Jason Delves, president and CEO of F9 Brands, a F9 Investments unit, will serve as the CEO of the stores that have been acquired. He touted his career in the flooring business.

Enjoying synergies

"I have close to 25 years of experience in the flooring and related retail industry," Delves said in an affidavit filed with the bankruptcy court. "I have been an executive officer of various subsidiaries of F9, including Cabinets To Go, Southwind Building Products, LLC and Gracious Homes.
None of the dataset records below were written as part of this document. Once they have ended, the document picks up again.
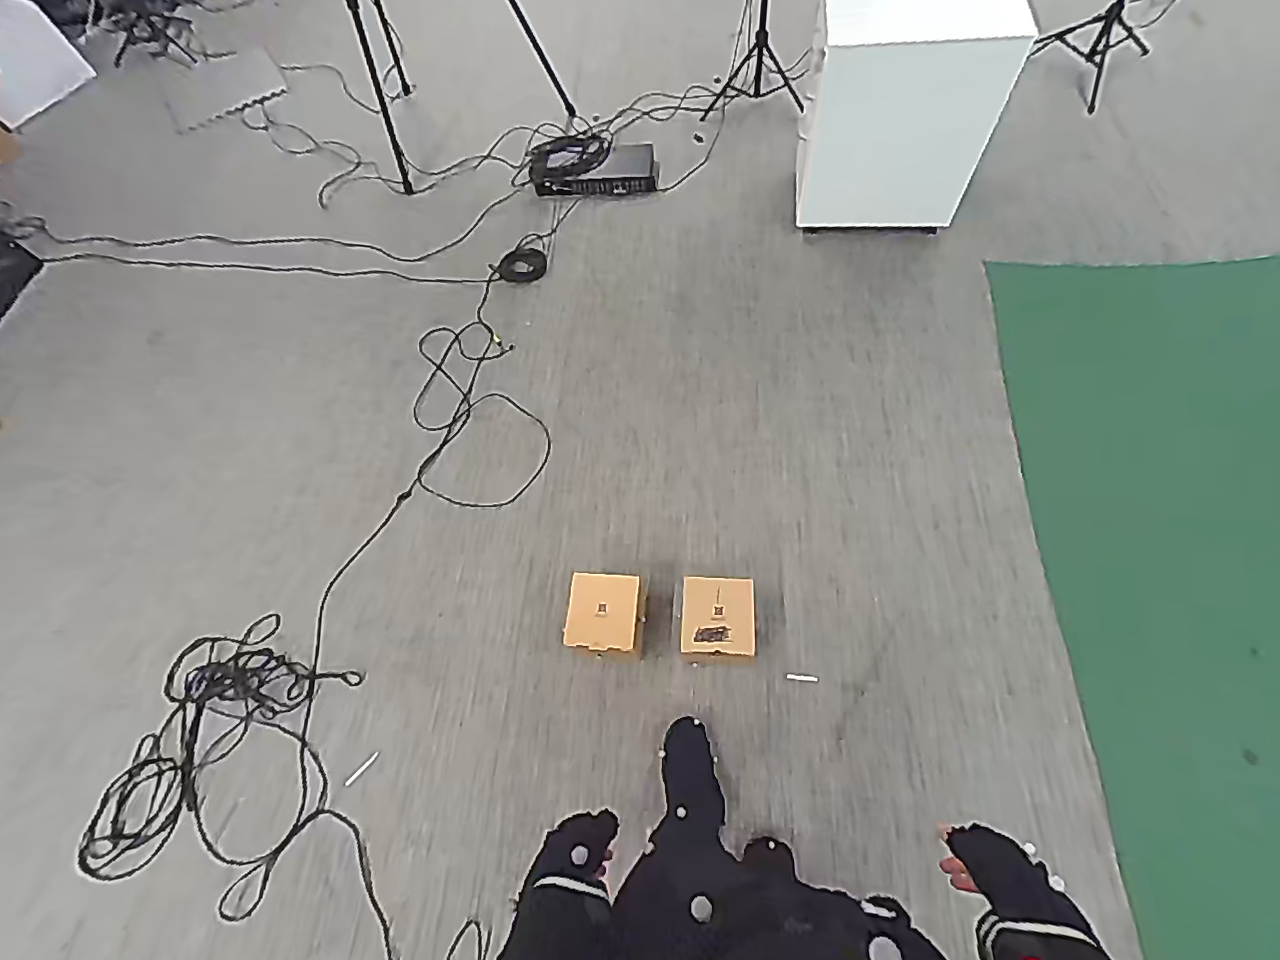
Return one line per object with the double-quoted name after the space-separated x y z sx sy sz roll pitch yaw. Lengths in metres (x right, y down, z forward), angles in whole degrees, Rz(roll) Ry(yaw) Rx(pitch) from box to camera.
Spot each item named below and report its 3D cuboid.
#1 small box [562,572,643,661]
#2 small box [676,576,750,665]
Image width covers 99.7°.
-0.085 0.341 1.346 0.168 0.176 0.179 2 64 8 "small box"
0.179 0.345 1.310 0.168 0.176 0.179 2 63 7 "small box"
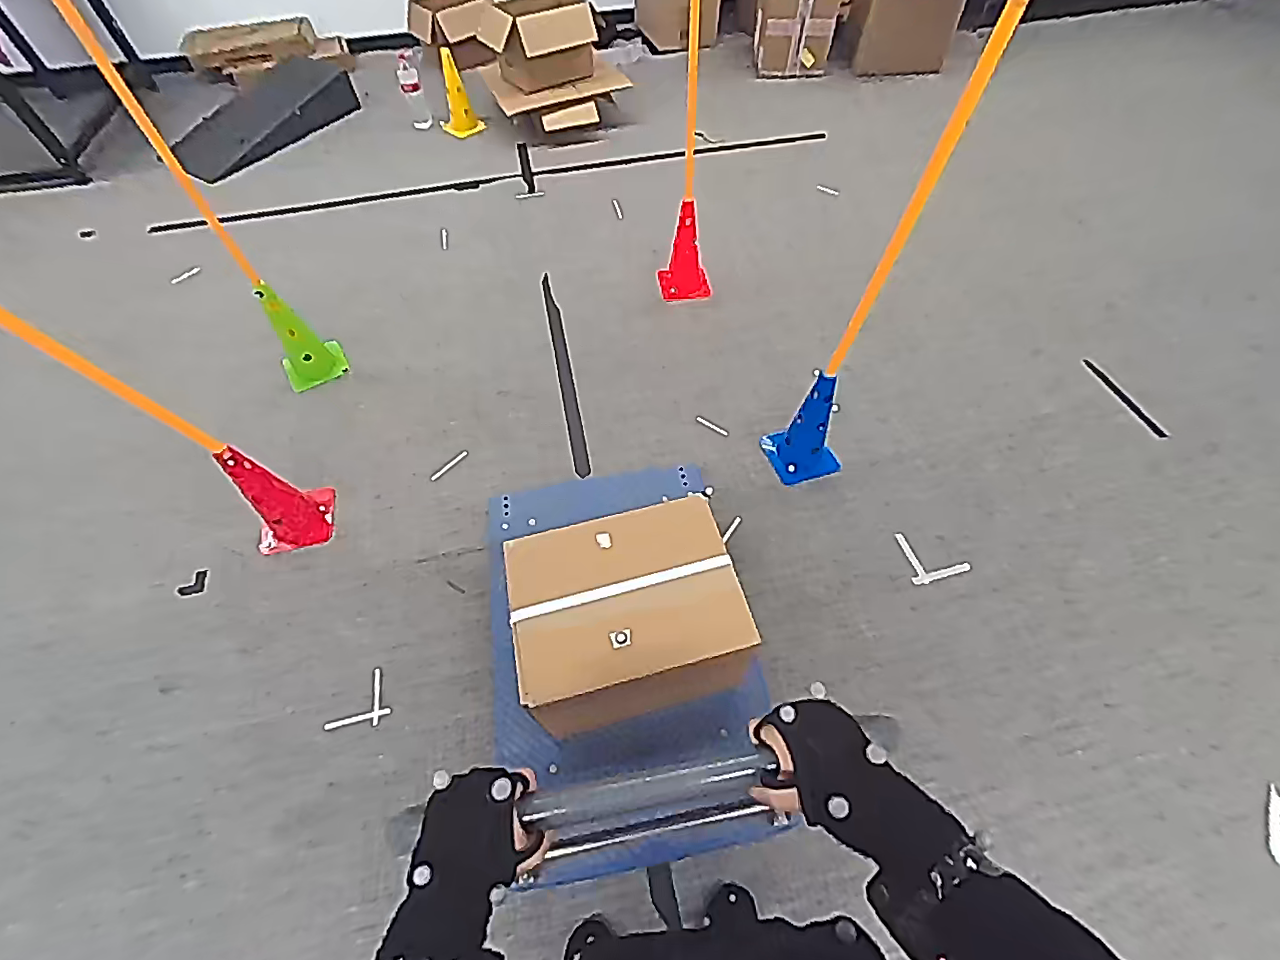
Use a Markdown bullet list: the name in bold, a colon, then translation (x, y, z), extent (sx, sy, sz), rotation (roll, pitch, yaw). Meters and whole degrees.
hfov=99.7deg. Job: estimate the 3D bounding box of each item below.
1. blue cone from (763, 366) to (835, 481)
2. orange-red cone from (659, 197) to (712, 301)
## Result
- **blue cone**: translation (0.504, -0.178, 1.588), extent (0.193, 0.380, 0.192), rotation (-14, 56, -9)
- **orange-red cone**: translation (0.182, -0.892, 2.054), extent (0.199, 0.360, 0.198), rotation (-5, 57, -3)
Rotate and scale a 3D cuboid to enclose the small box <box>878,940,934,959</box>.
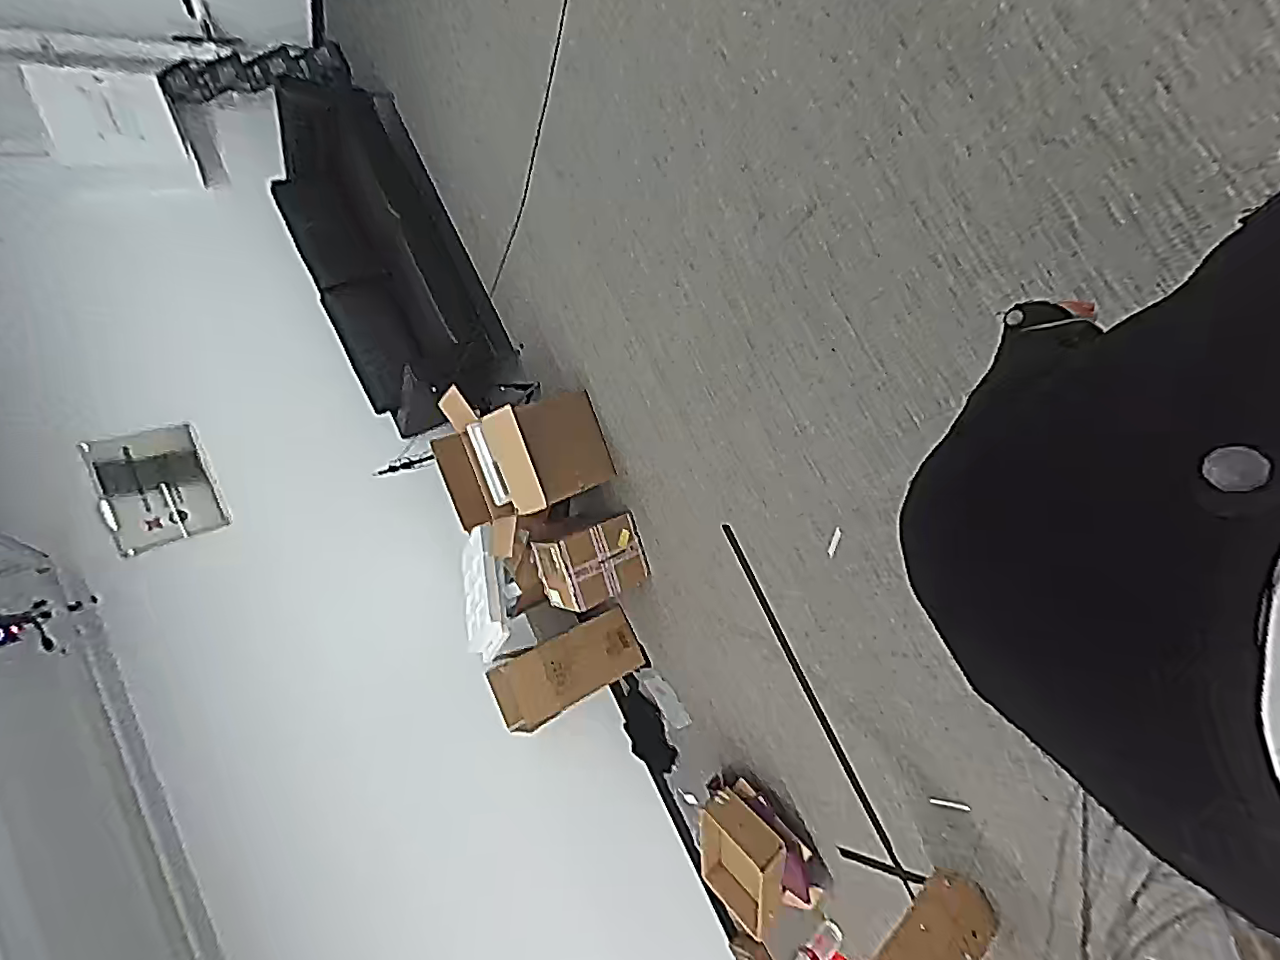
[{"bbox_3d":[0.886,1.666,1.766,0.179,0.176,0.168,-37,77,57],"label":"small box"}]

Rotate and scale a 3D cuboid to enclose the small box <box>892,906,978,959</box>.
[{"bbox_3d":[1.013,1.616,1.853,0.179,0.176,0.168,-35,80,55],"label":"small box"}]

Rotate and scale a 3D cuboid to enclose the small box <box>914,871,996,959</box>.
[{"bbox_3d":[1.139,1.568,1.947,0.168,0.176,0.179,-35,79,56],"label":"small box"}]
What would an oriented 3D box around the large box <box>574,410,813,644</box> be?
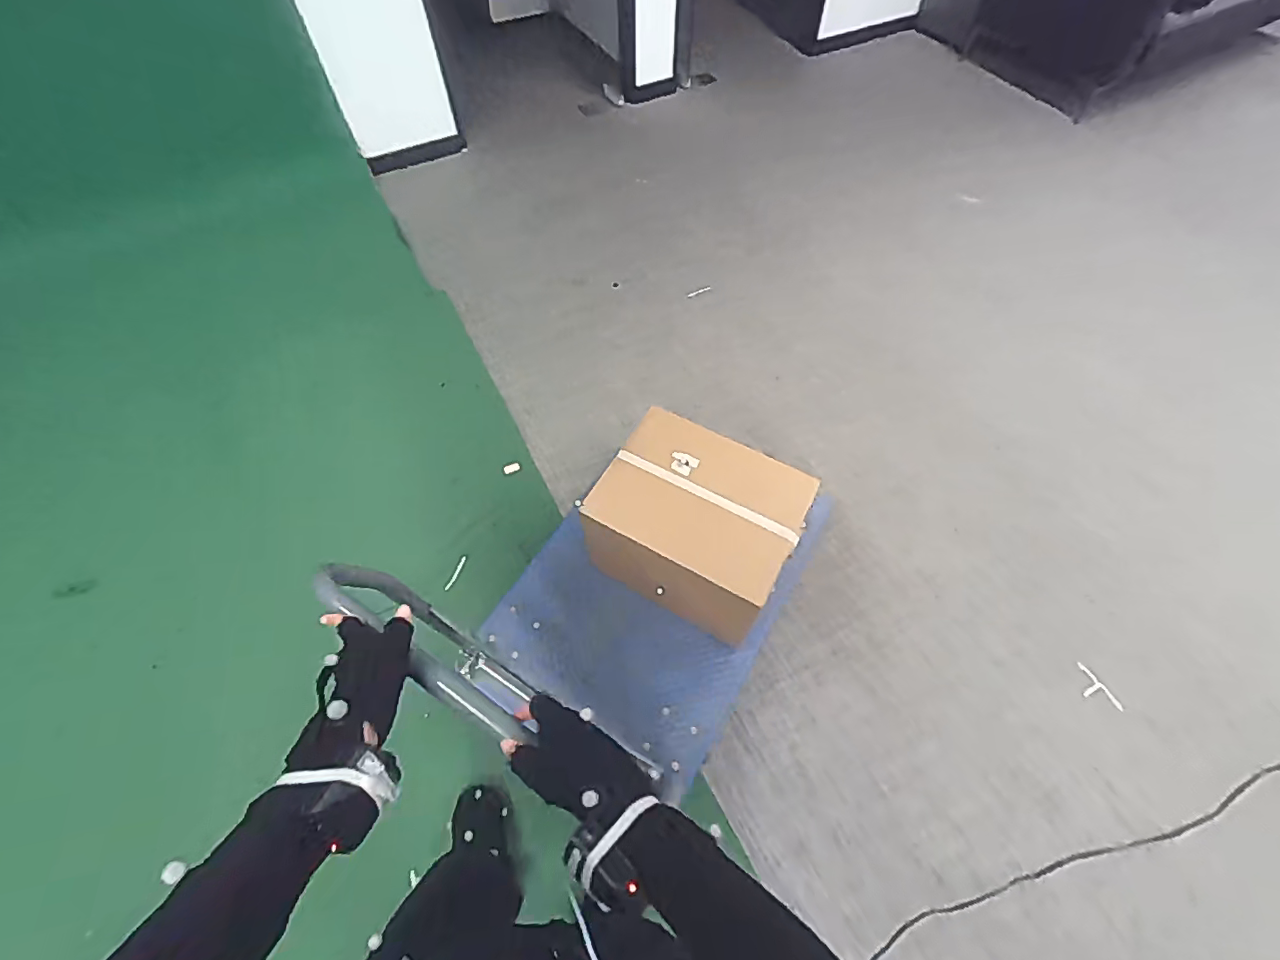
[{"bbox_3d":[0.117,0.112,1.229,0.408,0.320,0.320,27,62,16],"label":"large box"}]
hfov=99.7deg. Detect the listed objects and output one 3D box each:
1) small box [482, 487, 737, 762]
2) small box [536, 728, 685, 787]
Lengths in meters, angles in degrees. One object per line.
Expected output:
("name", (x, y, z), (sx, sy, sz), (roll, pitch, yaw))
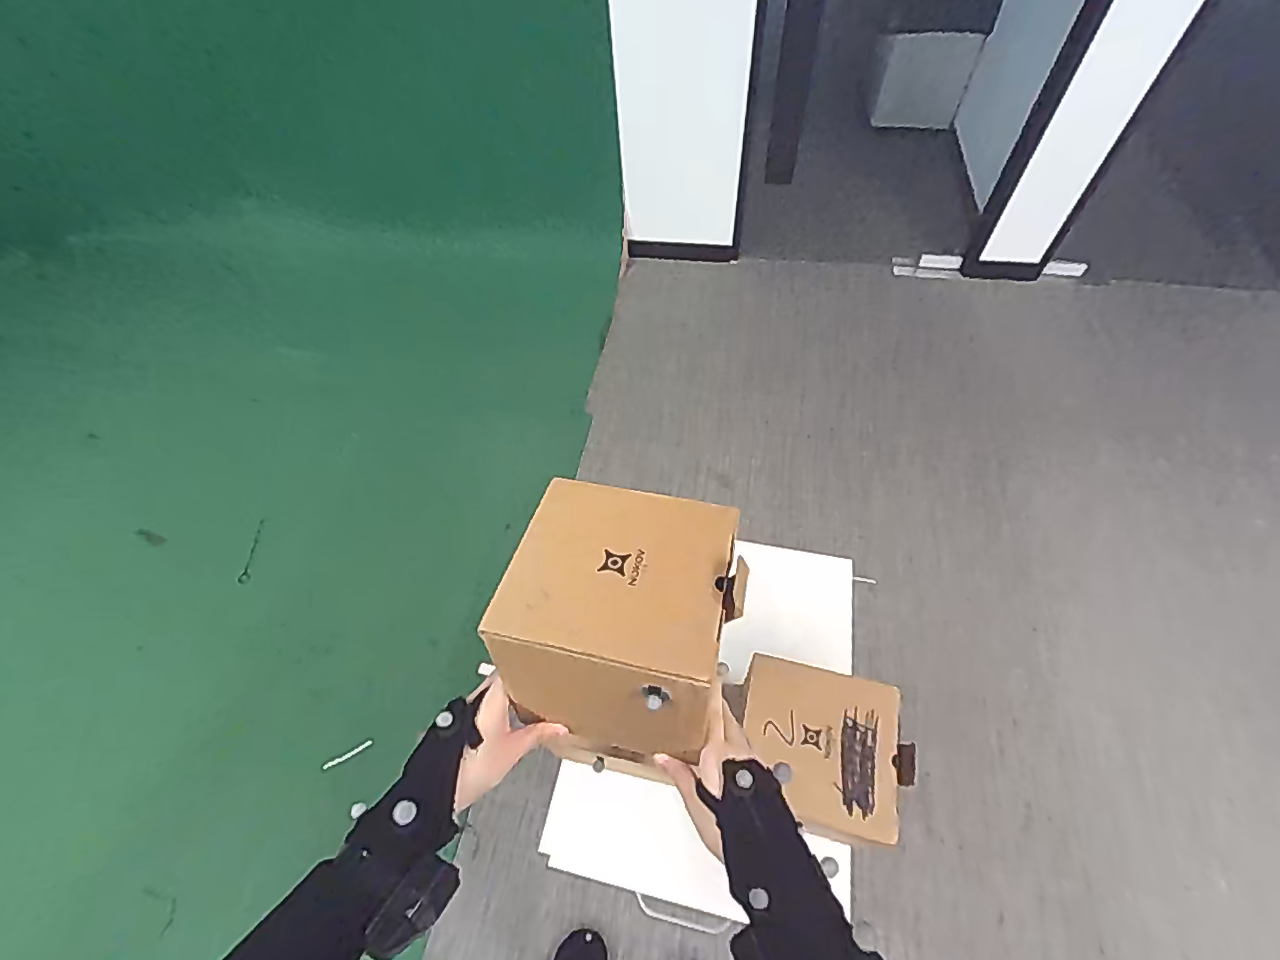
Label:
("small box", (-0.016, 0.132, 0.496), (0.179, 0.176, 0.168), (10, 45, 9))
("small box", (-0.018, 0.301, 0.727), (0.179, 0.176, 0.168), (9, 57, 9))
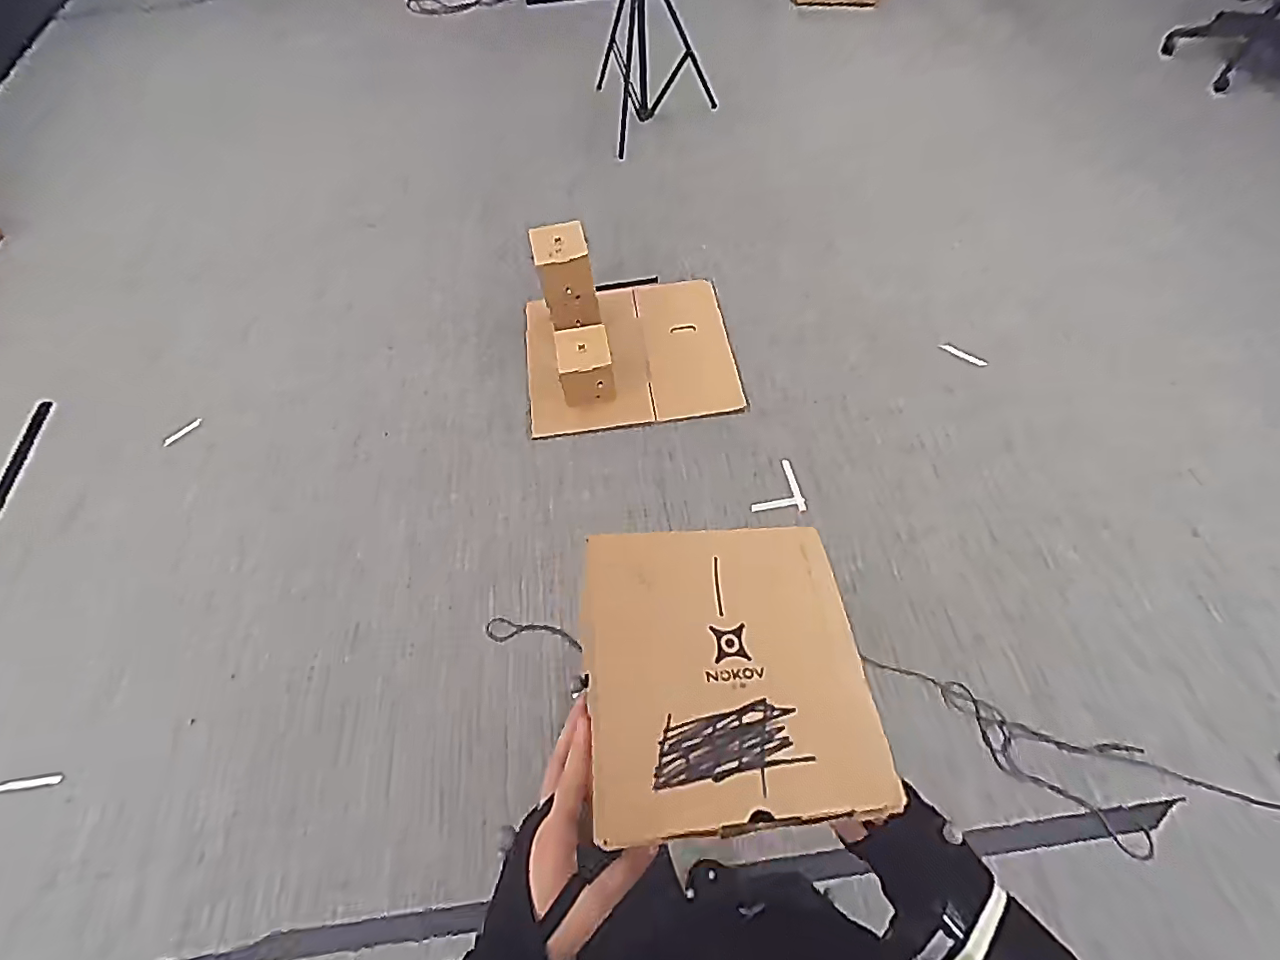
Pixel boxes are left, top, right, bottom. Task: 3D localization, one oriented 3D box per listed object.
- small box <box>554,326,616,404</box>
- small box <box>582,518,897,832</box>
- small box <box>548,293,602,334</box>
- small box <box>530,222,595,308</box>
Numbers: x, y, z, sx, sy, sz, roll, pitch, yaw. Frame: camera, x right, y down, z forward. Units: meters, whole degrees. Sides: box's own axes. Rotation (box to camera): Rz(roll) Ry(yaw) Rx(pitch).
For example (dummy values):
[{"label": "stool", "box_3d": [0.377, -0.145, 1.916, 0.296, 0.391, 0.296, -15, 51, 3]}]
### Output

Previously, I was the president of Beasley Flooring Products, Inc., a hardwood and engineering flooring products manufacturer and a supplier to the debtors during my tenure and president of BLC Hardwood Flooring, LLC, a hardwood flooring products manufacturer and also a supplier to the debtors during my tenure."

F9 is returning LL Flooring to its original name, Lumber Liquidators.

“Yellow and black is back,” the chain’s newspaper ad says. “The great deals that made Lumber Liquidators famous are back in 219 locations nationwide.”

F9 "believes that the acquired assets will enhance synergies with the rest of F9’s businesses," according to Delves, and is "forming a new entity to run operations of the 219 acquired stores."

F9 is also completing the acquisition of land adjacent to its distribution facility in Tennessee to build a new LL Flooring distribution center for the acquired stores following the expiration of the two-year lease with QTS, Delves said.